As your React app begins to grow, you might find it challenging to keep track of all of the state changes each of your components. What do you do when two components need to share the same state? One solution would be to hold that state in the parent component, however that can get very messy when you want to add new components in the future that might not share the same parent.
Redux looks to address these issues through the use of a global state (known as the store), accessible from anywhere in your app. The store allows your app to have a single source of truth, further simplifying how you manage state, making data in your app more predictable. The Redux store is immutable, meaning it is read-only. Components must request for the store to update. As with everything React, Redux uses a unidirectional data flow. An action is used to notify Redux that your app requires a change in state.
Actions describe what happened, reducers describe how the state should change. A reducer is a function which decides how to transform the current state into a new state. To ensure predictable output reducers are pure, meaning they always return the same result when passing the same arguments. Reducers should return to the store an updated state or the old state.

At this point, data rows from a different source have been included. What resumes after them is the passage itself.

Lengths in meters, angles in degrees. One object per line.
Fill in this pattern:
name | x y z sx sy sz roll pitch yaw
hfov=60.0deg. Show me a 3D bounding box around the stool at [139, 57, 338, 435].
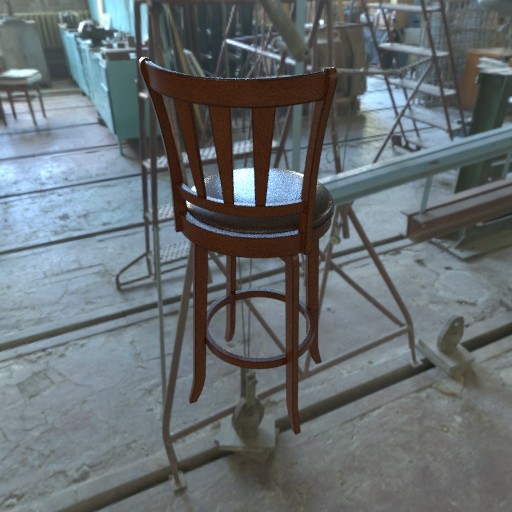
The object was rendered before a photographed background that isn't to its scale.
stool | 0.000 0.000 1.398 0.464 1.177 0.503 10 33 16
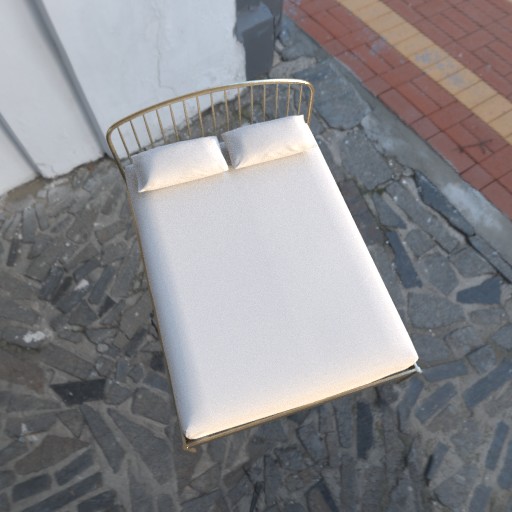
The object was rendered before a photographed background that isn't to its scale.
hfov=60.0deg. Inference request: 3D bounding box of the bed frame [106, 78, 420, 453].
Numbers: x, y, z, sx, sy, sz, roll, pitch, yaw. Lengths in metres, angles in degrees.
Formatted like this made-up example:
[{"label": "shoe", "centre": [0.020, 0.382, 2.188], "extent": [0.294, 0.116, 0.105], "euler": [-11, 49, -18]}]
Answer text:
[{"label": "bed frame", "centre": [0.000, 0.000, 3.161], "extent": [1.612, 1.175, 2.152], "euler": [-16, 65, -8]}]
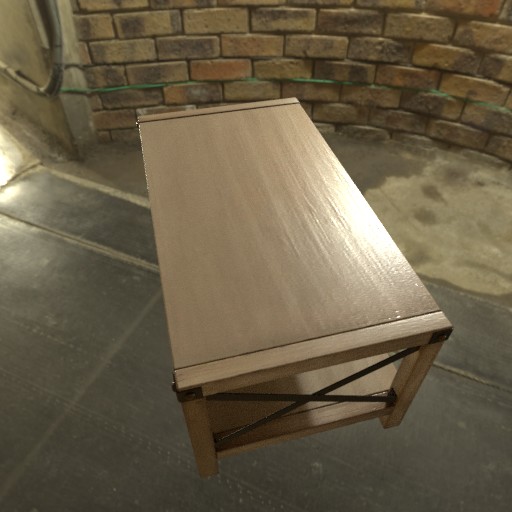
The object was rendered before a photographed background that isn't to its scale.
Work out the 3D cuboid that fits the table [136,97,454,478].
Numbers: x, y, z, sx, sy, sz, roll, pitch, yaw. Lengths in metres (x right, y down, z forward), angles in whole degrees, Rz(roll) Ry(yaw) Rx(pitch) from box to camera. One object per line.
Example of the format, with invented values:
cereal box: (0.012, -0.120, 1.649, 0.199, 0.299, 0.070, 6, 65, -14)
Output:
table: (0.000, 0.000, 1.318, 0.559, 0.456, 1.016, -10, 47, -10)
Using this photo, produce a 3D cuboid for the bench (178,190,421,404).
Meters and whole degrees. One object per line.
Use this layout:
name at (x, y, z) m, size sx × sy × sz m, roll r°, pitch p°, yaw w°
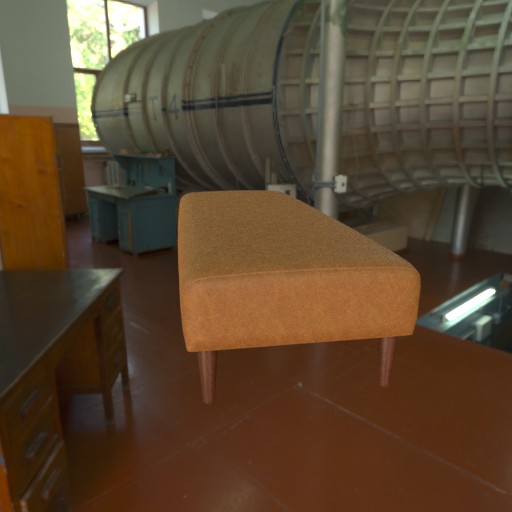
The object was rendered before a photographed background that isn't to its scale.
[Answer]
bench at (0.000, 0.000, 1.904) m, size 0.653 × 0.399 × 1.610 m, roll -3°, pitch 15°, yaw -9°
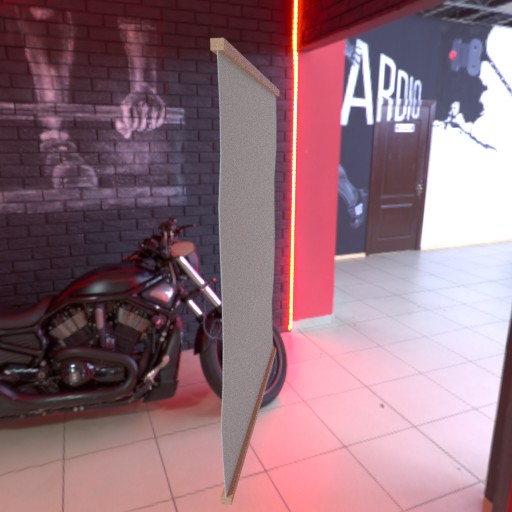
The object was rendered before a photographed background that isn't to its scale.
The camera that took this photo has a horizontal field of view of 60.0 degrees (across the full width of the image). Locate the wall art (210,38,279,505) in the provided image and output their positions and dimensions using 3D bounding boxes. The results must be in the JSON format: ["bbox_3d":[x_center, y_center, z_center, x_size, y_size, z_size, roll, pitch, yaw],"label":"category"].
[{"bbox_3d":[0.000,0.000,0.657,0.013,0.508,0.406,2,14,10],"label":"wall art"}]

A store holds the whole state tree of your application. It is useful for situations where many components share the same state. In certain circumstances, it makes sense to use the local (component) state rather than using the Redux store. For example, a controlled component such as form input fields would update the local state on every keystroke. It is hard to justify why you would want to update the store for that. That said, there is no hard and fast rule for what you should save. It’s up to you how you choose to organise the state.
My understanding of Middleware is a little murky. The redux docs define middleware as “a third-party extension point between dispatching an action, and the moment it reaches the reducer.” Middleware intercepts dispatched actions and allow you to perform operations on the data before they reach the reducer. In this course, I have used middleware to log actions out to the console using redux-logger and for Thunk.
From their GitHub, “Redux Thunk middleware allows you to write action creators that return a function instead of an action.” Thunk is useful in situations where you would want to support asynchronous data flow such as server interaction. Thunk lets you write action creators that return functions instead of objects, allowing greater flexibility before dispatching your action to a reducer.
The MyReads app was my first app built using React. Even for a small app I often found it challenging to manage the state. Continuously passing props down to components became tedious and confusing at times. If the application grew, it’s easy to see how tangled things could get. A real-life example might be where multiple developers are working on components, which all pass props to each other.
Redux seems like a very fitting solution for keeping only the most relevant elements of state in a globally accessible store. Initially, I faced some challenges with understanding actions, action creators and reducers. Adding middleware to the mix created more confusion. The Redux Dev Tools gave me clear feedback to help improve my understanding by seeing how data in the store changes.